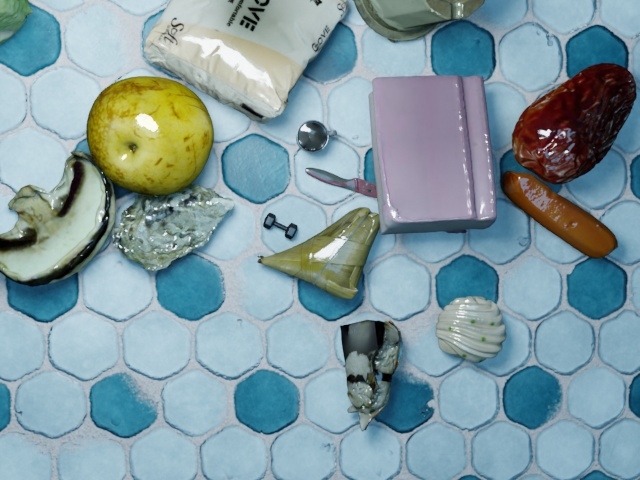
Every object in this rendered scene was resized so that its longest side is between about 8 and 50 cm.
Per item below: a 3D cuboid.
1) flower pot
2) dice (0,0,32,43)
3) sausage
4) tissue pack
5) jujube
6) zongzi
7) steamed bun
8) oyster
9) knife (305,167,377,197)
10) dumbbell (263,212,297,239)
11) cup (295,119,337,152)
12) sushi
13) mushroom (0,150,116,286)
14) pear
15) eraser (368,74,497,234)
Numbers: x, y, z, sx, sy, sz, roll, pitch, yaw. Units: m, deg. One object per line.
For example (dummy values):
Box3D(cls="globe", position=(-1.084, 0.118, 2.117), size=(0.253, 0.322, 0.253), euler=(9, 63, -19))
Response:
Box3D(cls="flower pot", position=(0.238, -0.593, 1.655), size=(0.291, 0.259, 0.290), euler=(-5, 105, -21))
Box3D(cls="dice", position=(-0.828, -0.550, 1.536), size=(0.331, 0.318, 0.322), euler=(-28, 99, -2))
Box3D(cls="sausage", position=(0.597, -0.063, 1.855), size=(0.349, 0.097, 0.094), euler=(32, 84, -8))
Box3D(cls="tissue pack", position=(-0.171, -0.490, 1.690), size=(0.390, 0.195, 0.375), euler=(26, 79, -8))
Box3D(cls="jujube", position=(0.618, -0.291, 1.795), size=(0.342, 0.216, 0.216), euler=(-41, 98, -9))
Box3D(cls="zongzi", position=(0.000, 0.000, 1.797), size=(0.256, 0.115, 0.228), euler=(21, 89, 3))
Box3D(cls="steamed bun", position=(0.383, 0.224, 1.855), size=(0.183, 0.106, 0.182), euler=(-1, 97, -8))
Box3D(cls="oyster", position=(-0.352, -0.048, 1.742), size=(0.198, 0.112, 0.267), euler=(43, 87, -8))
Box3D(cls="knife", position=(0.080, -0.140, 1.831), size=(0.248, 0.018, 0.035), euler=(16, 90, -10))
Box3D(cls="dumbbell", position=(-0.099, -0.036, 1.809), size=(0.083, 0.036, 0.040), euler=(25, 92, -8))
Box3D(cls="cup", position=(-0.011, -0.250, 1.778), size=(0.100, 0.077, 0.078), euler=(-9, 96, -5))
Box3D(cls="sushi", position=(0.139, 0.330, 1.837), size=(0.109, 0.134, 0.272), euler=(-1, 85, -37))
Box3D(cls="mushroom", position=(-0.603, -0.043, 1.713), size=(0.248, 0.130, 0.344), euler=(33, 88, 15))
Box3D(cls="pear", position=(-0.372, -0.233, 1.639), size=(0.281, 0.281, 0.280), euler=(-1, 95, -6))
Box3D(cls="eraser", position=(0.260, -0.202, 1.740), size=(0.273, 0.122, 0.358), euler=(-1, 76, -5))

* [What the task asks]: Search the listing above for the lines with "Numbers: x, y, z, sx, sy, sz, roll, pitch, yaw." and "euler=(9, 63, -19))", then output those lines and all lines between them exactly.

* [Reply to the task]:
Numbers: x, y, z, sx, sy, sz, roll, pitch, yaw. Units: m, deg. One object per line.
For example (dummy values):
Box3D(cls="globe", position=(-1.084, 0.118, 2.117), size=(0.253, 0.322, 0.253), euler=(9, 63, -19))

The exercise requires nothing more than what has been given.